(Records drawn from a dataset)
★ ★ ★
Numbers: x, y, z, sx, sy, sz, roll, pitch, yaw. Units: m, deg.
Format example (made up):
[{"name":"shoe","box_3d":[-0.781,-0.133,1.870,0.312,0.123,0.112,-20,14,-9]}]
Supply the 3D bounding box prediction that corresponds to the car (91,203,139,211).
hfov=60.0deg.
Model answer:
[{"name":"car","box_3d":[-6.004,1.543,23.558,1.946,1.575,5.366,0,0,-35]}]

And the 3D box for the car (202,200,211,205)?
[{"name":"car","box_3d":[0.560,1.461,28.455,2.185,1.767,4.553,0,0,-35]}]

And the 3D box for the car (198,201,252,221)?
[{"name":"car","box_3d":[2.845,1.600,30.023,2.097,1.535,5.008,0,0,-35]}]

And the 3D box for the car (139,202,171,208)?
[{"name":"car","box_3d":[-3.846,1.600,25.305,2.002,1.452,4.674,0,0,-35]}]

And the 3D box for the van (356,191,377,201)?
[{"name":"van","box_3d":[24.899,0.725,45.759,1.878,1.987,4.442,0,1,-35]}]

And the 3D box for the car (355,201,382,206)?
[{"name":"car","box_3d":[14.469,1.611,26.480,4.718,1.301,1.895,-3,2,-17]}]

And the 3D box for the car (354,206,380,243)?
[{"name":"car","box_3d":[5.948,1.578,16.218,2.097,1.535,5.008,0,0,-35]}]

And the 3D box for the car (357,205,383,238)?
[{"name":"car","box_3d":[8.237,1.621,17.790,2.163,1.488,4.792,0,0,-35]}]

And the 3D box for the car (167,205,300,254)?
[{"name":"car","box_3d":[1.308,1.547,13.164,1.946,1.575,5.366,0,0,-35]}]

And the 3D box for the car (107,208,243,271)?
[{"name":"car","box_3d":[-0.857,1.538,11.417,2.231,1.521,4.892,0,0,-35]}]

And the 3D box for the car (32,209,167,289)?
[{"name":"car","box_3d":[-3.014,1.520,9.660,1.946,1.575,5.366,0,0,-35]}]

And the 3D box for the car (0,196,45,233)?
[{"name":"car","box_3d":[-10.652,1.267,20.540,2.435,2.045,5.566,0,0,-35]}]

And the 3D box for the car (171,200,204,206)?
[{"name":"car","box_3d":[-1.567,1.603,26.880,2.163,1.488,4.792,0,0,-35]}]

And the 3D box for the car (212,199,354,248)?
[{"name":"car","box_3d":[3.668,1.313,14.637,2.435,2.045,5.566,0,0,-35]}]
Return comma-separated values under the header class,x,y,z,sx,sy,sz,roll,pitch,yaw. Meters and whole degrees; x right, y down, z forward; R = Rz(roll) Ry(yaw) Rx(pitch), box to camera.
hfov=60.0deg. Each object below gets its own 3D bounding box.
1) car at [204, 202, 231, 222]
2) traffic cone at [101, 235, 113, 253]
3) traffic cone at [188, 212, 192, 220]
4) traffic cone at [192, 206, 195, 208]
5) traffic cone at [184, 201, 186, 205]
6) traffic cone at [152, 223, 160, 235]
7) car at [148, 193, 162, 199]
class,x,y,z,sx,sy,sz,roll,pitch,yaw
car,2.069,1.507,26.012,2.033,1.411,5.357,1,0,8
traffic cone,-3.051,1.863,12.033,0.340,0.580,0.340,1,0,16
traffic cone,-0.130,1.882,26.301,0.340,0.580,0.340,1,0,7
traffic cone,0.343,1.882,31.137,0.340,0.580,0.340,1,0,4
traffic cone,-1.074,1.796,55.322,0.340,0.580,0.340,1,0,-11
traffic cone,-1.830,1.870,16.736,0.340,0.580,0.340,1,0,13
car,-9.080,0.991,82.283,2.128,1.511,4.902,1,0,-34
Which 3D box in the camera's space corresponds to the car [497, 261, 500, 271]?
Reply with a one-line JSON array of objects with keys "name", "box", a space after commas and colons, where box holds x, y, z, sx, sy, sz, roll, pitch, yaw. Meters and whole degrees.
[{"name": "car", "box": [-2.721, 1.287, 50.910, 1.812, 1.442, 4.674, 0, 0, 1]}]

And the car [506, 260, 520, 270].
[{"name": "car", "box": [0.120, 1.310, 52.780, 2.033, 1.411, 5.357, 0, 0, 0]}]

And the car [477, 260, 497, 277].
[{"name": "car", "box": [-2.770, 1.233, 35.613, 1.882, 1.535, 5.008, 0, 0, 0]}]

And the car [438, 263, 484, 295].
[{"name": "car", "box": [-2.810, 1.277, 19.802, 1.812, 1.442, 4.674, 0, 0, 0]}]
★ ★ ★
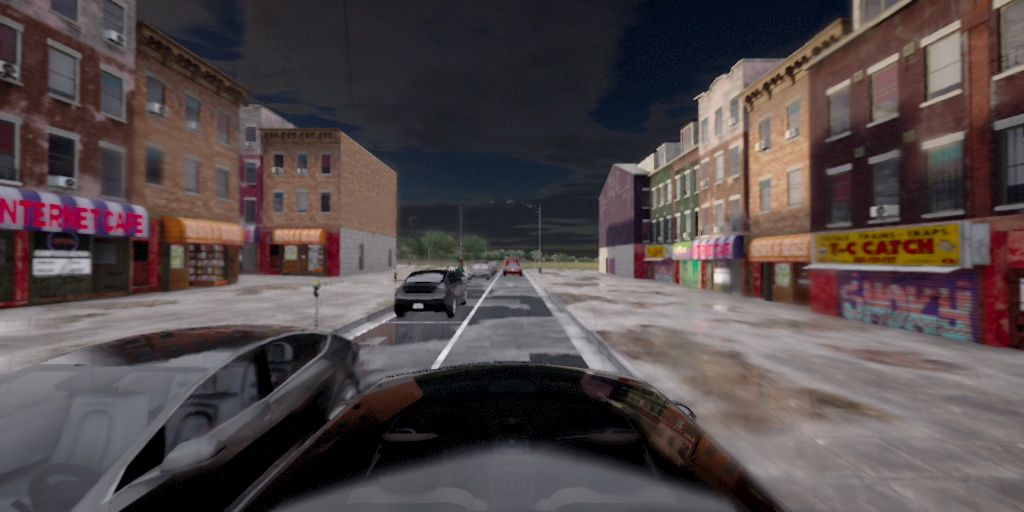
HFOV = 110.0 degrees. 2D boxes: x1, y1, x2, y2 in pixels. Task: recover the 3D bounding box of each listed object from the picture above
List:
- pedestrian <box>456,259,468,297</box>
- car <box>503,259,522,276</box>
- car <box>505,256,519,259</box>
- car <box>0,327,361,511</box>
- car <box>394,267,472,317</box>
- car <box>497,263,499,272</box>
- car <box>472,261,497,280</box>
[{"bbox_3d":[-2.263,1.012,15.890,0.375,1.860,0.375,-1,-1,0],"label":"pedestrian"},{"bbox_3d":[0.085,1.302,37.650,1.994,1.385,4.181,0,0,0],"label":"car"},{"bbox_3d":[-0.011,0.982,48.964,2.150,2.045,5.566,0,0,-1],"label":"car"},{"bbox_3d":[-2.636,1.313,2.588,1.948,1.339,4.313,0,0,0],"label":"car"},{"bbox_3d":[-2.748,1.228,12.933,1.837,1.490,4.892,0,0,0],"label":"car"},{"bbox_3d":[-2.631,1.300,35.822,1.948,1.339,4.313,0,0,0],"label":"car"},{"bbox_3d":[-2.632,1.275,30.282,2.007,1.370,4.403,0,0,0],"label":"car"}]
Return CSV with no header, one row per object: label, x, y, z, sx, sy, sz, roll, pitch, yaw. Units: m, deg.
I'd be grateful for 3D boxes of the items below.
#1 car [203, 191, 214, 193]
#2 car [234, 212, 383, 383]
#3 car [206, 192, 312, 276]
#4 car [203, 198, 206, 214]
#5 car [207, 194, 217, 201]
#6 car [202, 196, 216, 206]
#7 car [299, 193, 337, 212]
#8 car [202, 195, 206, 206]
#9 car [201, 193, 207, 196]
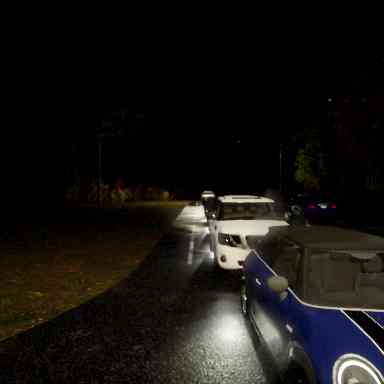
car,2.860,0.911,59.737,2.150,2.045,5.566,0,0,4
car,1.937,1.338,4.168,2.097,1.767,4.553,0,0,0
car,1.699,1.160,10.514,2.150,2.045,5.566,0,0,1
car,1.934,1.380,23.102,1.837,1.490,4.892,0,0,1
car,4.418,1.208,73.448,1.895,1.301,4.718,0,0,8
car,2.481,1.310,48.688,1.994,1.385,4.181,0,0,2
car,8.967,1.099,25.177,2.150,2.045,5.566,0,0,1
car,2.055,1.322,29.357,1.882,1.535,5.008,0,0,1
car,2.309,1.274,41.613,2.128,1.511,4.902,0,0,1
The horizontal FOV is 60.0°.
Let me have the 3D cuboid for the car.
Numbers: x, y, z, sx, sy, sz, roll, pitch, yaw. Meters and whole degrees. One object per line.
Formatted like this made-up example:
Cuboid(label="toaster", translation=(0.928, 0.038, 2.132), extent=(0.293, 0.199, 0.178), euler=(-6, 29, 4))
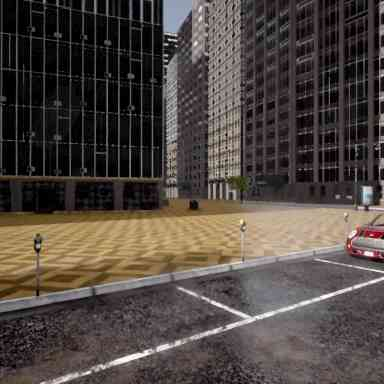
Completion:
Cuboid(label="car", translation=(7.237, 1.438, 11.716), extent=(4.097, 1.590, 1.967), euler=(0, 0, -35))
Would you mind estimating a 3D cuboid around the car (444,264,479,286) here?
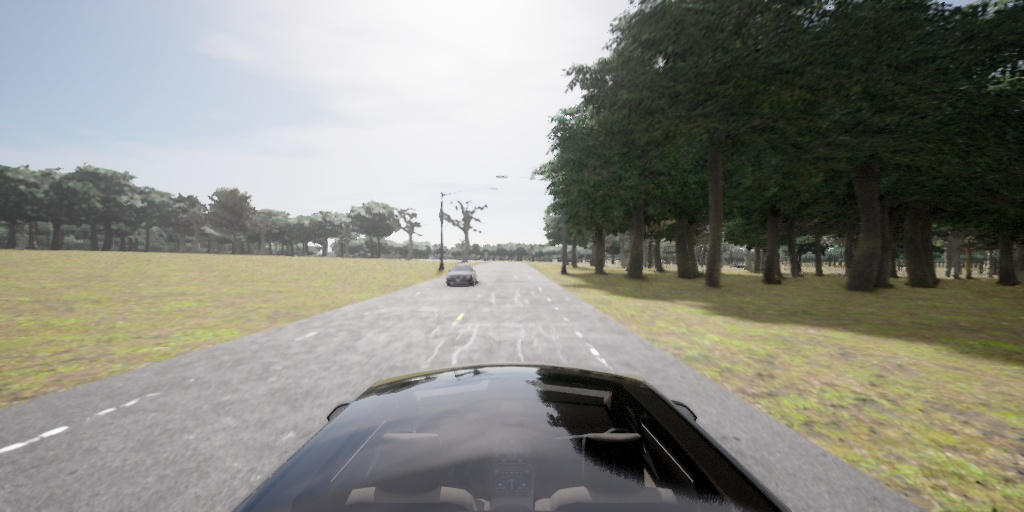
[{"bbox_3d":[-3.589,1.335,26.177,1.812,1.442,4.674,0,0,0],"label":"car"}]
★ ★ ★
- [REQUIRED WORK]:
Copy each line from the records above that includes the string "boxes".

- [YOUR RESPONSE]:
HFOV = 110.0 degrees. 2D boxes: x1, y1, x2, y2 in pixels. Task: recover the 3D bounding box of each listed object from the picture above
I'd be grateful for 3D boxes of the items below.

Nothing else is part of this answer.